This year’s theme, the brainchild of Graham and Hopson, will take the audience around the world with performances inspired by Asia, Africa, Latin America and Europe.

Hopson, who also serves as the traveling companion for Miss Mississippi, said she got the idea for the show while in Disney World with Miss Mississippi 2000 Christy May.

“Christy had never been to Disney before, and she was like a kid in a candy store,” she said.

And while May was enjoying one of Disney’s parades, Hopson sat on a bench to rest, and that’s when she heard the song “You Bring Honor To Us All” being played in the parade.

“I thought, What a finale! What a tribute to someone who has been a great Miss Mississippi,'” Hopson said. “Then I talked to Mallory who had been doing work for ESPN and their halftime shows, so he had been working with cheerleaders and pom-poms. He said, I’ve been listening to some great African music that would be perfect for the show,’ and from that thread it grew into the world odyssey.”

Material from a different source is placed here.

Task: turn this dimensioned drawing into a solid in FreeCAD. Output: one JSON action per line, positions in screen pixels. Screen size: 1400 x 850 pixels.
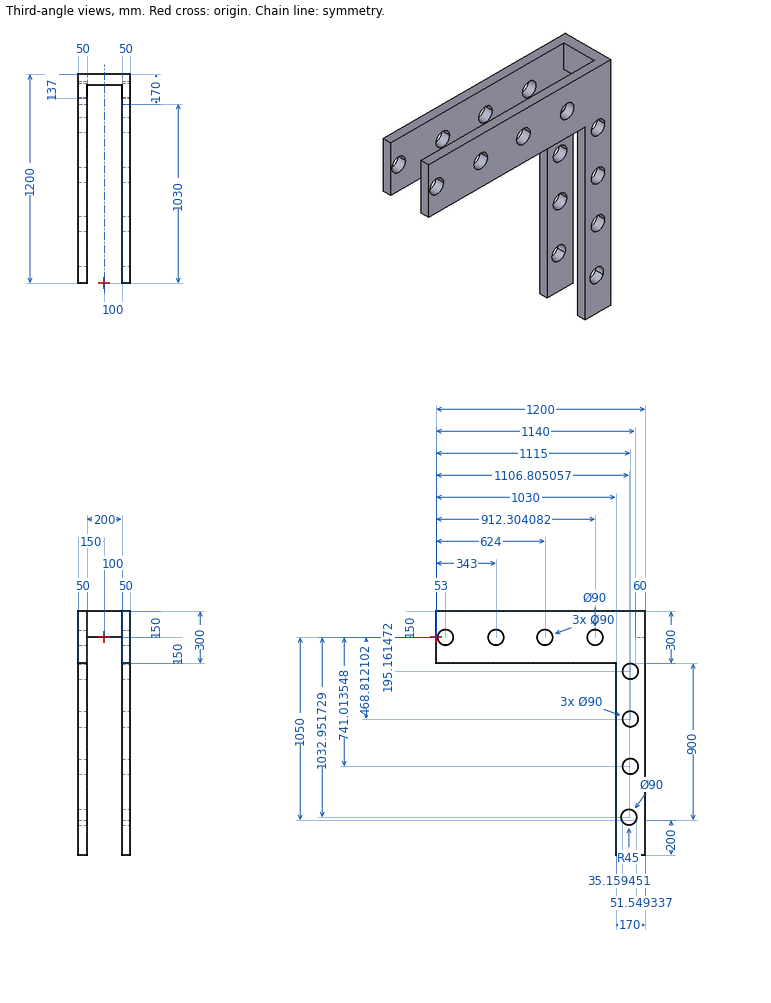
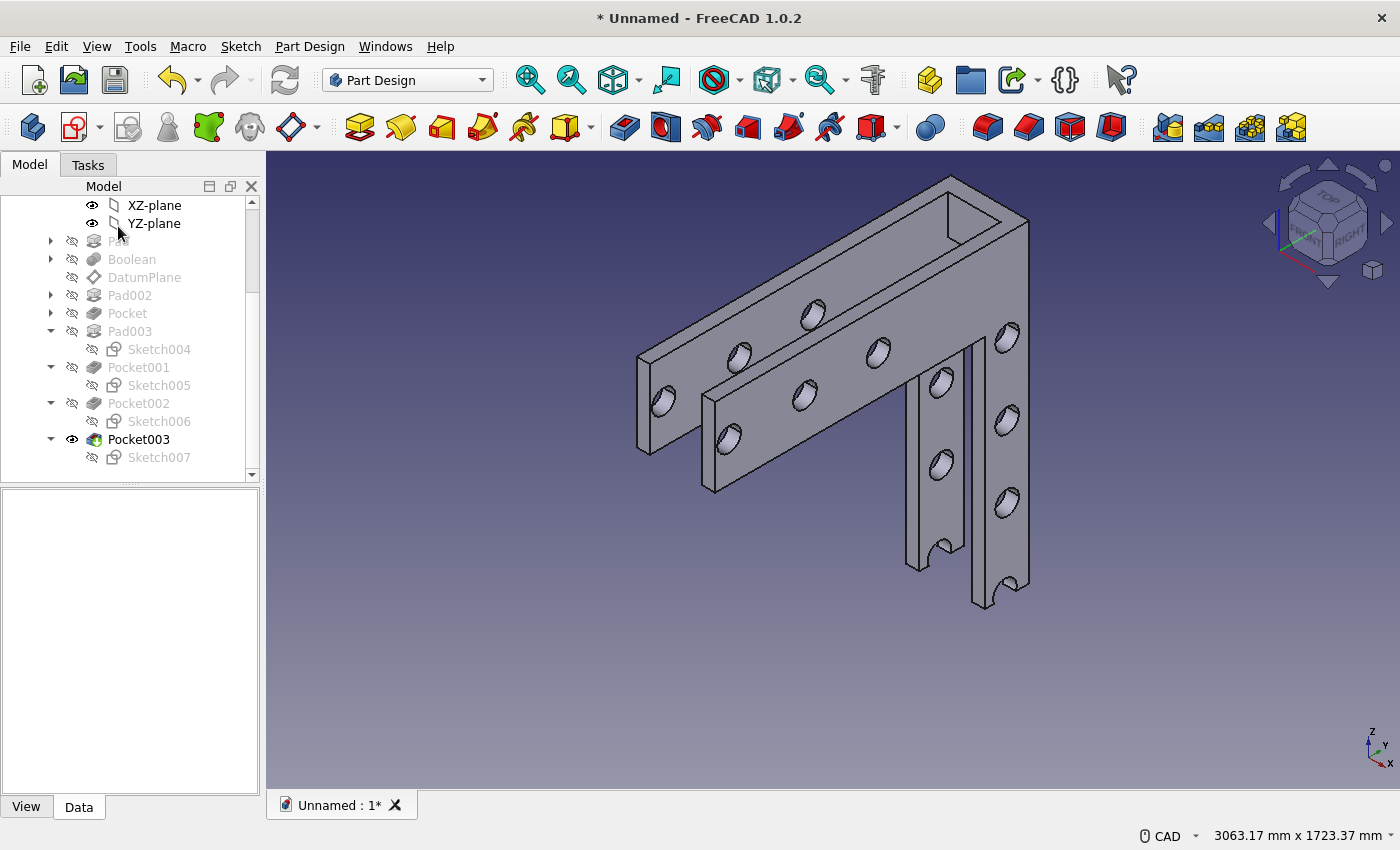
{"action": "key", "text": "6"}

For Graham and Hopson, who won two Emmy Awards two years ago for their pageant work, the challenge each year is to make the show bigger and better than the year before.

Graham, who is working on his 10th Miss Mississippi production, also used to stage the state pageants in North Carolina and Pennsylvania, but he dropped them to handle the increasingly elaborate Miss Mississippi program.

“Mississippi has gotten so huge that it takes all that time and more,” he said. “It’s just so much. It’s like a Broadway production a major Broadway production.”

But, while the productions are complex, Graham says the contestants always come through by preparing themselves before they arrive and working diligently once they get here.

And as soon as this year’s pageant is over and the set is stripped down, Hopson and Graham will go back to the drawing board to cook up next year’s program.

“We’ll be hit with people asking us What are you going to do next year? What are you going to do to be bigger than this?'” Graham said. “This year we’ve got volcanoes going off on stage. We’ve got smoke and fire. What are we gonna do next? Land a helicopter on stage? I just don’t know.”